Number of Occurrences of Amino Acid Coding Mutations in the Librariesa

position	7	6	5	4	2	total	expect
A (Ala)	9	3	8	12	5	37	49
C (Cys)	4	2	4	8	5	23	25
D (Asp)	5	3	8	11	5	32	25
E (Glu)	4	3	11	7	1	26	25
F (Phe)	2	2	7	8	1	20	25
G (Gly)	14	6	8	19	7	54	49
H (His)	6	2	9	16	4	37	25
I (Ile)	7	4	5	8	5	29	25
K (Lys)	7	5	11	12	2	37	25
L (Leu)	3	7	7	19	23	59	74
M (Met)	4	0	5	6	4	19	25
N (Asn)	10	4	11	7	3	35	25
P (Pro)	5	4	12	14	10	45	49
Q (Gln)	5	3	6	13	6	33	25
R (Arg)	10	6	26	17	3	62	74
S (Ser)	11	4	12	25	13	65	74
T (Thr)	9	3	15	14	10	51	49
V (Val)	5	3	9	20	7	44	49
W (Trp)	6	0	4	7	8	25	25
Y (Tyr)	8	5	3	9	5	30	25
total	134	69	181	252	127	763

Only full-length TruE2 mutants are considered in this analysis. Saturation was achieved for each amino acid at each site, with the exceptions of Met and Trp in position 6. Expect indicates the total number of times that the amino acid may be expected to occur in an NNK library with 763 mutants; observed values meet expectations for a library of this complexity, indicating no undue bias in the library preparation and analysis.

Figure 4

Observed (x-axis) versus expected (y-axis) occurrence of each amino acid in the libraries, using the data shown in Table 1. Orange, hydrophobic; yellow, hydrophilic; light blue, aromatic; green, acidic; purple, Gly/Met/Pro/Cys; black, basic. Only full-length TruE2 mutants are considered in this analysis. Saturation was achieved for each amino acid at each site, with the exceptions of Met and Trp in position 6. Expect indicates the total number of times that the amino acid may be expected to occur in an NNK library with 763 mutants; observed values meet expectations for a library of this complexity, indicating no undue bias in the library preparation and analysis.

Double Mutant Libraries

The core peptide sequence of trunkamide, TSIAPFC, was mutated in NNK libraries encoding XXIAPFC, TSIXPXC, and TSXXPFC. The first of these was aimed at determining the importance of the posttranslational modification prenylation, which requires the presence of Ser or Thr in positions 6 and 7. The other libraries aimed to mutagenize the remaining three positions in the library.

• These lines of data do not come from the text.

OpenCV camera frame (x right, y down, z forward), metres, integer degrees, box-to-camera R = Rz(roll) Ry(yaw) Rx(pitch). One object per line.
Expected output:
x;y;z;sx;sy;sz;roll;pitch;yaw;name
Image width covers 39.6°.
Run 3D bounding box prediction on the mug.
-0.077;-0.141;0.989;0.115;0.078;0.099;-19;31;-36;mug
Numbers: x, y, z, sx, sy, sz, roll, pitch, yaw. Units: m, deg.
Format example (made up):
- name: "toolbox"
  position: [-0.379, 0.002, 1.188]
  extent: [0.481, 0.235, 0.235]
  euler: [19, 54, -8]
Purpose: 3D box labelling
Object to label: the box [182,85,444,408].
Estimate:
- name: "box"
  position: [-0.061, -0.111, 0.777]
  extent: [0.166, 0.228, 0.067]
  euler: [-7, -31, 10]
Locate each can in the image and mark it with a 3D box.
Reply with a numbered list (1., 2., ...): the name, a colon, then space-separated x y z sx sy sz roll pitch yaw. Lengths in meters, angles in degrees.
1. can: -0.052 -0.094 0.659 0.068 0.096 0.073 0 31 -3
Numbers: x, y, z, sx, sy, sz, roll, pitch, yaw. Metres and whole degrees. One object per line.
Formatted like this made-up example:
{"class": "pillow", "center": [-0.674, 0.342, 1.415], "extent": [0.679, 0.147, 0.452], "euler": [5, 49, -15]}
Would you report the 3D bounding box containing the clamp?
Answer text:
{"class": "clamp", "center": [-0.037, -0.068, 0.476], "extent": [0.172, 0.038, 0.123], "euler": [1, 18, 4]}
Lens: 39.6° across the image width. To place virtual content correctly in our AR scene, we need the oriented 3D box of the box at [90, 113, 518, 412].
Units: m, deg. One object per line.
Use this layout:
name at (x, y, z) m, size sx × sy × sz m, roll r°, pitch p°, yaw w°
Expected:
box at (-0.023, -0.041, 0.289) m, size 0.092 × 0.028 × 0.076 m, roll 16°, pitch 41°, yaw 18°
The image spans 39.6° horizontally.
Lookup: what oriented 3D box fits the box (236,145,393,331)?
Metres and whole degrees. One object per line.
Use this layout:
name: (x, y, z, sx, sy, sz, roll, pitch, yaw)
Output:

We screened a total of 460 random double mutant clones, out of which 260 encoded full-length TruE derivatives and the remainder contained stop codons or frame-shifts. Out of these 260, 150 mutant TruE products (142 unique) were detected as abundant components of these extracts for a ∼58% success rate (Figure 5). All three libraries exhibited an approximately equal success rate. Since 1200 possible double mutants might be created by this library, if the success rate could be extrapolated, then 675 compounds should be produced in these libraries. Details of which amino acids are found in which positions are described in ensuing sections below. However, a few examples of interesting sequences will be described. While the native sequence is TSIAPFC, we found that sequences such as PLIAPFC, HLIAPFC, GEIAPFC, TSIQPNC, TSISPTC, TSIFPWC, TSAEPFC, TSHPPFC, TSKQPFC, and many other highly unnatural sequences were competent for modification by the tru pathway and were found in whole cell extracts. These many promising and diverse sequences are listed in Supporting Information Table S1, and their raw MS data is shown in Supporting Information Table S4. Further examples are also shown in Figures 2 and 5. Many sequences also failed to be processed, as shown in Supporting Information Table S2. Supporting Information Table S3 summarizes observed mutations per position and reveals that every amino acid was incorporated into every position in the library, with the exception of Met and Trp in position 6, which were not encoded in the library.

Figure 5

Examples of successfully produced double mutant derivatives. Larger spectra, as well as spectra for all produced compounds are provided in Supporting Information Table S4.

Examples of successfully produced double mutant derivatives. Larger spectra, as well as spectra for all produced compounds are provided in Supporting Information Table S4. The double mutant libraries also clearly revealed the value and necessity of determining context-independent amino acid selectivity. As a concrete example in this library, the sequence TSRAPFC (versus the wild-type sequence, TSIAPFC) was not accepted; in a saturation library, it would appear that R is forbidden in position 5. However, in reality, R was relatively favorable in position 5, when position 4 was no longer the wild-type Ala sequence, and the following peptides were all successfully synthesized: TSRDPFC, TSRFPFC, TSRQPFC, TSRSPFC, TSRTPFC, TSRVPFC, TSRYPFC. Treating peptide substrates as linear sequences of letters is clearly inadequate to the task of determining the true substrate selectivity of RiPP pathways.

Quadruple Mutant Library

We designed the sequence, XSXXPXC, based upon the results above. We wished to preserve the Ser in position 6 so that this position would always be available for prenylation, allowing us to assess substrate selectivity of prenylation. In this event, 96 clones were screened, leading to 65 full-length TruE derivatives. Of these 65, nine led to full-length products, for a 14% success rate. These derivatives were highly sequence variable (Figure 6), reinforcing the value of the library. Results and data are provided in Supporting Information Tables S1–S4.

Figure 6

Examples of successfully produced quadruple mutant derivatives. Larger spectra, as well as spectra for all produced compounds are provided in Supporting Information Table S4.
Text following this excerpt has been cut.